● Task material:

------------------------------------

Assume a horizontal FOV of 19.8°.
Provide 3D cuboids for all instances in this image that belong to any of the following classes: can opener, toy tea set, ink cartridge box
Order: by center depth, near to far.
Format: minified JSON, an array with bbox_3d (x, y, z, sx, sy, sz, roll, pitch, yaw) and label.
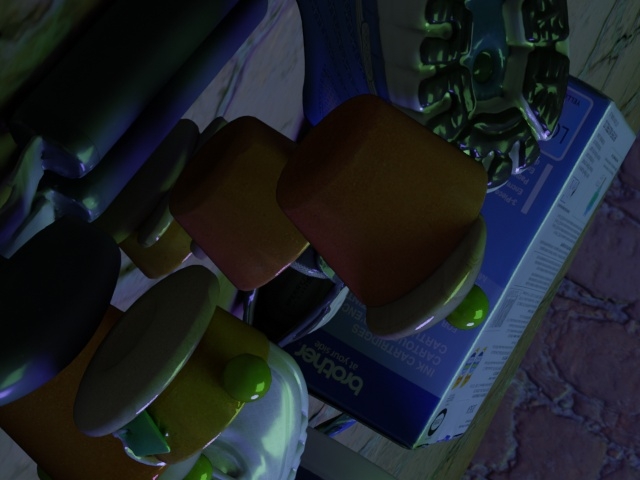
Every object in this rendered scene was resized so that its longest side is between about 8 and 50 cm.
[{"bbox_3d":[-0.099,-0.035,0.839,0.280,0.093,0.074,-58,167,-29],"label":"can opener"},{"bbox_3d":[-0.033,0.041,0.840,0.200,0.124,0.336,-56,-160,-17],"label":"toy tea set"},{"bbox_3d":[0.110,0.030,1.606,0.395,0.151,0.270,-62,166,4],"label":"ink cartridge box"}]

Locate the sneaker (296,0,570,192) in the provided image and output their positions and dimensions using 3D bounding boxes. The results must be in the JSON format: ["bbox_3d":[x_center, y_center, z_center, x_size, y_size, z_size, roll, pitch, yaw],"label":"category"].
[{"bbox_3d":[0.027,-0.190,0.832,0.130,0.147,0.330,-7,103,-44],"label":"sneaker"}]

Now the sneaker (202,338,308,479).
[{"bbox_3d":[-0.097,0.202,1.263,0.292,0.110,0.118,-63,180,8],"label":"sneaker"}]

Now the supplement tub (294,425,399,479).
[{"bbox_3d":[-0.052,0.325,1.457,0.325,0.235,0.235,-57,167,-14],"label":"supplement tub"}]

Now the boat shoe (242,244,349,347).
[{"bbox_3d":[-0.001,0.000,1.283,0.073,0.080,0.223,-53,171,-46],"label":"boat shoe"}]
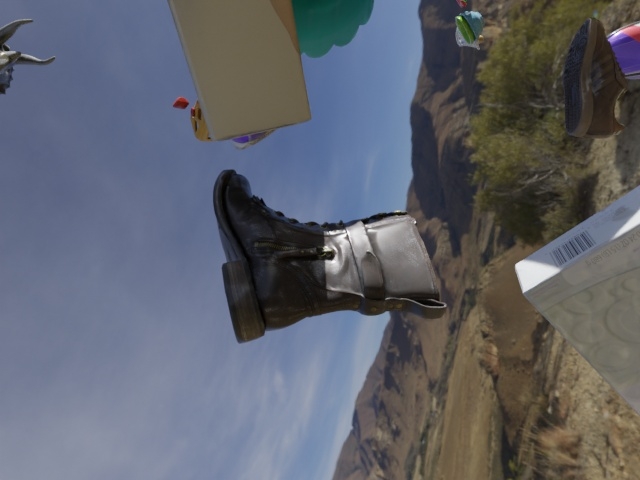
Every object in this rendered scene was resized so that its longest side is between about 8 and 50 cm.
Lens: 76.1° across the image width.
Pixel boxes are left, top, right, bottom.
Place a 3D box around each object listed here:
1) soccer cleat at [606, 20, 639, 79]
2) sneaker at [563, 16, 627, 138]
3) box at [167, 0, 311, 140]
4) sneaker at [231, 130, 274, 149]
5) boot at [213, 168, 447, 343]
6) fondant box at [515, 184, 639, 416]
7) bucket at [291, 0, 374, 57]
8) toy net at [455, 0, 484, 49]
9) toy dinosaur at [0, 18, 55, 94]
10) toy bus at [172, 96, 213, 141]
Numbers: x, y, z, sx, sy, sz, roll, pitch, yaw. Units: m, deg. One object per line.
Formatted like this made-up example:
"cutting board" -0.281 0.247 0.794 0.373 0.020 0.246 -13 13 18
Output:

------------------------------------

● Work item: Pictures are to be left out; the rest of the listing should be printed exactly.

● Solution to this exercise:
Assume a horizontal FOV of 19.8°.
Provide 3D cuboids for all instances in this image that belong to any of the following classes: can opener, toy tea set, ink cartridge box
Order: by center depth, near to far.
Format: minified JSON, an array with bbox_3d (x, y, z, sx, sy, sz, roll, pitch, yaw) and label.
Every object in this rendered scene was resized so that its longest side is between about 8 and 50 cm.
[{"bbox_3d":[-0.099,-0.035,0.839,0.280,0.093,0.074,-58,167,-29],"label":"can opener"},{"bbox_3d":[-0.033,0.041,0.840,0.200,0.124,0.336,-56,-160,-17],"label":"toy tea set"},{"bbox_3d":[0.110,0.030,1.606,0.395,0.151,0.270,-62,166,4],"label":"ink cartridge box"}]

Locate the sneaker (296,0,570,192) in the provided image and output their positions and dimensions using 3D bounding boxes. The results must be in the JSON format: ["bbox_3d":[x_center, y_center, z_center, x_size, y_size, z_size, roll, pitch, yaw],"label":"category"].
[{"bbox_3d":[0.027,-0.190,0.832,0.130,0.147,0.330,-7,103,-44],"label":"sneaker"}]

Now the sneaker (202,338,308,479).
[{"bbox_3d":[-0.097,0.202,1.263,0.292,0.110,0.118,-63,180,8],"label":"sneaker"}]

Now the supplement tub (294,425,399,479).
[{"bbox_3d":[-0.052,0.325,1.457,0.325,0.235,0.235,-57,167,-14],"label":"supplement tub"}]

Now the boat shoe (242,244,349,347).
[{"bbox_3d":[-0.001,0.000,1.283,0.073,0.080,0.223,-53,171,-46],"label":"boat shoe"}]
Every object in this rendered scene was resized so that its longest side is between about 8 and 50 cm.
Lens: 76.1° across the image width.
Pixel boxes are left, top, right, bottom.
Place a 3D box around each object listed here:
1) soccer cleat at [606, 20, 639, 79]
2) sneaker at [563, 16, 627, 138]
3) box at [167, 0, 311, 140]
4) sneaker at [231, 130, 274, 149]
5) boot at [213, 168, 447, 343]
6) fondant box at [515, 184, 639, 416]
7) bucket at [291, 0, 374, 57]
8) toy net at [455, 0, 484, 49]
9) toy dinosaur at [0, 18, 55, 94]
10) toy bus at [172, 96, 213, 141]
Numbers: x, y, z, sx, sy, sz, roll, pitch, yaw. Units: m, deg. One object per line.
Formatted like this made-up example:
"cutting board" -0.281 0.247 0.794 0.373 0.020 0.246 -13 13 18
Output:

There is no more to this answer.